- _Information shown_:
┌──

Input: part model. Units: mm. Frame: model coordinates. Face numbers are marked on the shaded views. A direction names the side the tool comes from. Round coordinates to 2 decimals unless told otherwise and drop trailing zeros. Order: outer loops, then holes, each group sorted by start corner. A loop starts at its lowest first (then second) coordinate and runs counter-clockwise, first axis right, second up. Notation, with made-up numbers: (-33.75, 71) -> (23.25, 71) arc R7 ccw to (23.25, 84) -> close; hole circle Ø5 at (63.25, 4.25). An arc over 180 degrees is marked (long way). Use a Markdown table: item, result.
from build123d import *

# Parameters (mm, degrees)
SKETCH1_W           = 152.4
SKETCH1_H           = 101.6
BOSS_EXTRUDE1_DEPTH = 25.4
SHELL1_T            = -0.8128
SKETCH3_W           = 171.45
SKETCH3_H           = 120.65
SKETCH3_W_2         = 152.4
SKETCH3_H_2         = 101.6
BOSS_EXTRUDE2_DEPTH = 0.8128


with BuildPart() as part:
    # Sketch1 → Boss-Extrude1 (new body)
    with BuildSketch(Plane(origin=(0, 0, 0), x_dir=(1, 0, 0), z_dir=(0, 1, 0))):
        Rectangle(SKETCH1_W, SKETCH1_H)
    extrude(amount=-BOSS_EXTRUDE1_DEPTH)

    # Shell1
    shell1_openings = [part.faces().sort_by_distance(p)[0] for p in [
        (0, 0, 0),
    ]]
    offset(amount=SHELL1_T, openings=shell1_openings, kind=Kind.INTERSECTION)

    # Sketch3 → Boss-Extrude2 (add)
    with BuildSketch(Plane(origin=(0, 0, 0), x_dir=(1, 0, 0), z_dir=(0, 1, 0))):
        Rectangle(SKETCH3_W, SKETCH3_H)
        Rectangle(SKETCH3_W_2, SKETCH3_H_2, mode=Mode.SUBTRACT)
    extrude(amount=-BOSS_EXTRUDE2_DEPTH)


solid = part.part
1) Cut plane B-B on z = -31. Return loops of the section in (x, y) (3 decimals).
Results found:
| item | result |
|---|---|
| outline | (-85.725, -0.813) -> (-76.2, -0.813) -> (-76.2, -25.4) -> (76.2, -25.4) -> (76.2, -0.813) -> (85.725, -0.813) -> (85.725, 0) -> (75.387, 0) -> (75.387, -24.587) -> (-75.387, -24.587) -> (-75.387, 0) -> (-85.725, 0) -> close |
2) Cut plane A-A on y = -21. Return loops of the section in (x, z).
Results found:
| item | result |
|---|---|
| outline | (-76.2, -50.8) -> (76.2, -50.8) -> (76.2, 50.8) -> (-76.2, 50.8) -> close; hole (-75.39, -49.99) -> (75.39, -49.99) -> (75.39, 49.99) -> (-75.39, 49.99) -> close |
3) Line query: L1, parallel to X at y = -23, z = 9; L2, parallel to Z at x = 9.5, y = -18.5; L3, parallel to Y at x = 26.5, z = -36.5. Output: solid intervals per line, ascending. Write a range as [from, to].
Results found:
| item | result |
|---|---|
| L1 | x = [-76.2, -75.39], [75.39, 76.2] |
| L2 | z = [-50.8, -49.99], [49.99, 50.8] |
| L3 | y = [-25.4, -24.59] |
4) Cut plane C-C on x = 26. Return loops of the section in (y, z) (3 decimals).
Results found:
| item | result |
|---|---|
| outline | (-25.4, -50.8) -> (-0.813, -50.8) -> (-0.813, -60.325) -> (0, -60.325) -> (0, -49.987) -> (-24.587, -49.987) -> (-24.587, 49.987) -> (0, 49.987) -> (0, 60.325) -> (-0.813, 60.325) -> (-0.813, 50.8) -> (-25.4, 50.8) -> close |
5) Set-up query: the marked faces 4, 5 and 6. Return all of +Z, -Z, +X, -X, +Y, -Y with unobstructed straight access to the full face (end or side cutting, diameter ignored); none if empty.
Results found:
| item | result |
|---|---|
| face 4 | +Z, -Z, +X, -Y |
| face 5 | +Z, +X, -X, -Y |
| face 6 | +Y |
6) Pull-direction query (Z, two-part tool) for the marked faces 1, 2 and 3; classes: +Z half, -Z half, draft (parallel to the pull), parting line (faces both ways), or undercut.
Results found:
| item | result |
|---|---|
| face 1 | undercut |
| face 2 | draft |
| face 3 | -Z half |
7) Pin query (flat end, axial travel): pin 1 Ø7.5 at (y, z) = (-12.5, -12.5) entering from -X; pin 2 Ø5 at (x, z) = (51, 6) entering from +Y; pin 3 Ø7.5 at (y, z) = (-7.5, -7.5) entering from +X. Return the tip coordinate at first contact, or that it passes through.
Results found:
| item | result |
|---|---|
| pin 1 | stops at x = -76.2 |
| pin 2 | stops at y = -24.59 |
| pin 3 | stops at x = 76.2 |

└──

- _Problem description_:
Transcribe the whole listing word for word.

- _Answer to this problem_:
Input: part model. Units: mm. Frame: model coordinates. Face numbers are marked on the shaded views. A direction names the side the tool comes from. Round coordinates to 2 decimals unless told otherwise and drop trailing zeros. Order: outer loops, then holes, each group sorted by start corner. A loop starts at its lowest first (then second) coordinate and runs counter-clockwise, first axis right, second up. Notation, with made-up numbers: (-33.75, 71) -> (23.25, 71) arc R7 ccw to (23.25, 84) -> close; hole circle Ø5 at (63.25, 4.25). An arc over 180 degrees is marked (long way). Use a Markdown table: item, result.
from build123d import *

# Parameters (mm, degrees)
SKETCH1_W           = 152.4
SKETCH1_H           = 101.6
BOSS_EXTRUDE1_DEPTH = 25.4
SHELL1_T            = -0.8128
SKETCH3_W           = 171.45
SKETCH3_H           = 120.65
SKETCH3_W_2         = 152.4
SKETCH3_H_2         = 101.6
BOSS_EXTRUDE2_DEPTH = 0.8128


with BuildPart() as part:
    # Sketch1 → Boss-Extrude1 (new body)
    with BuildSketch(Plane(origin=(0, 0, 0), x_dir=(1, 0, 0), z_dir=(0, 1, 0))):
        Rectangle(SKETCH1_W, SKETCH1_H)
    extrude(amount=-BOSS_EXTRUDE1_DEPTH)

    # Shell1
    shell1_openings = [part.faces().sort_by_distance(p)[0] for p in [
        (0, 0, 0),
    ]]
    offset(amount=SHELL1_T, openings=shell1_openings, kind=Kind.INTERSECTION)

    # Sketch3 → Boss-Extrude2 (add)
    with BuildSketch(Plane(origin=(0, 0, 0), x_dir=(1, 0, 0), z_dir=(0, 1, 0))):
        Rectangle(SKETCH3_W, SKETCH3_H)
        Rectangle(SKETCH3_W_2, SKETCH3_H_2, mode=Mode.SUBTRACT)
    extrude(amount=-BOSS_EXTRUDE2_DEPTH)


solid = part.part
1) Cut plane B-B on z = -31. Return loops of the section in (x, y) (3 decimals).
Results found:
| item | result |
|---|---|
| outline | (-85.725, -0.813) -> (-76.2, -0.813) -> (-76.2, -25.4) -> (76.2, -25.4) -> (76.2, -0.813) -> (85.725, -0.813) -> (85.725, 0) -> (75.387, 0) -> (75.387, -24.587) -> (-75.387, -24.587) -> (-75.387, 0) -> (-85.725, 0) -> close |
2) Cut plane A-A on y = -21. Return loops of the section in (x, z).
Results found:
| item | result |
|---|---|
| outline | (-76.2, -50.8) -> (76.2, -50.8) -> (76.2, 50.8) -> (-76.2, 50.8) -> close; hole (-75.39, -49.99) -> (75.39, -49.99) -> (75.39, 49.99) -> (-75.39, 49.99) -> close |
3) Line query: L1, parallel to X at y = -23, z = 9; L2, parallel to Z at x = 9.5, y = -18.5; L3, parallel to Y at x = 26.5, z = -36.5. Output: solid intervals per line, ascending. Write a range as [from, to].
Results found:
| item | result |
|---|---|
| L1 | x = [-76.2, -75.39], [75.39, 76.2] |
| L2 | z = [-50.8, -49.99], [49.99, 50.8] |
| L3 | y = [-25.4, -24.59] |
4) Cut plane C-C on x = 26. Return loops of the section in (y, z) (3 decimals).
Results found:
| item | result |
|---|---|
| outline | (-25.4, -50.8) -> (-0.813, -50.8) -> (-0.813, -60.325) -> (0, -60.325) -> (0, -49.987) -> (-24.587, -49.987) -> (-24.587, 49.987) -> (0, 49.987) -> (0, 60.325) -> (-0.813, 60.325) -> (-0.813, 50.8) -> (-25.4, 50.8) -> close |
5) Set-up query: the marked faces 4, 5 and 6. Return all of +Z, -Z, +X, -X, +Y, -Y with unobstructed straight access to the full face (end or side cutting, diameter ignored); none if empty.
Results found:
| item | result |
|---|---|
| face 4 | +Z, -Z, +X, -Y |
| face 5 | +Z, +X, -X, -Y |
| face 6 | +Y |
6) Pull-direction query (Z, two-part tool) for the marked faces 1, 2 and 3; classes: +Z half, -Z half, draft (parallel to the pull), parting line (faces both ways), or undercut.
Results found:
| item | result |
|---|---|
| face 1 | undercut |
| face 2 | draft |
| face 3 | -Z half |
7) Pin query (flat end, axial travel): pin 1 Ø7.5 at (y, z) = (-12.5, -12.5) entering from -X; pin 2 Ø5 at (x, z) = (51, 6) entering from +Y; pin 3 Ø7.5 at (y, z) = (-7.5, -7.5) entering from +X. Return the tip coordinate at first contact, or that it passes through.
Results found:
| item | result |
|---|---|
| pin 1 | stops at x = -76.2 |
| pin 2 | stops at y = -24.59 |
| pin 3 | stops at x = 76.2 |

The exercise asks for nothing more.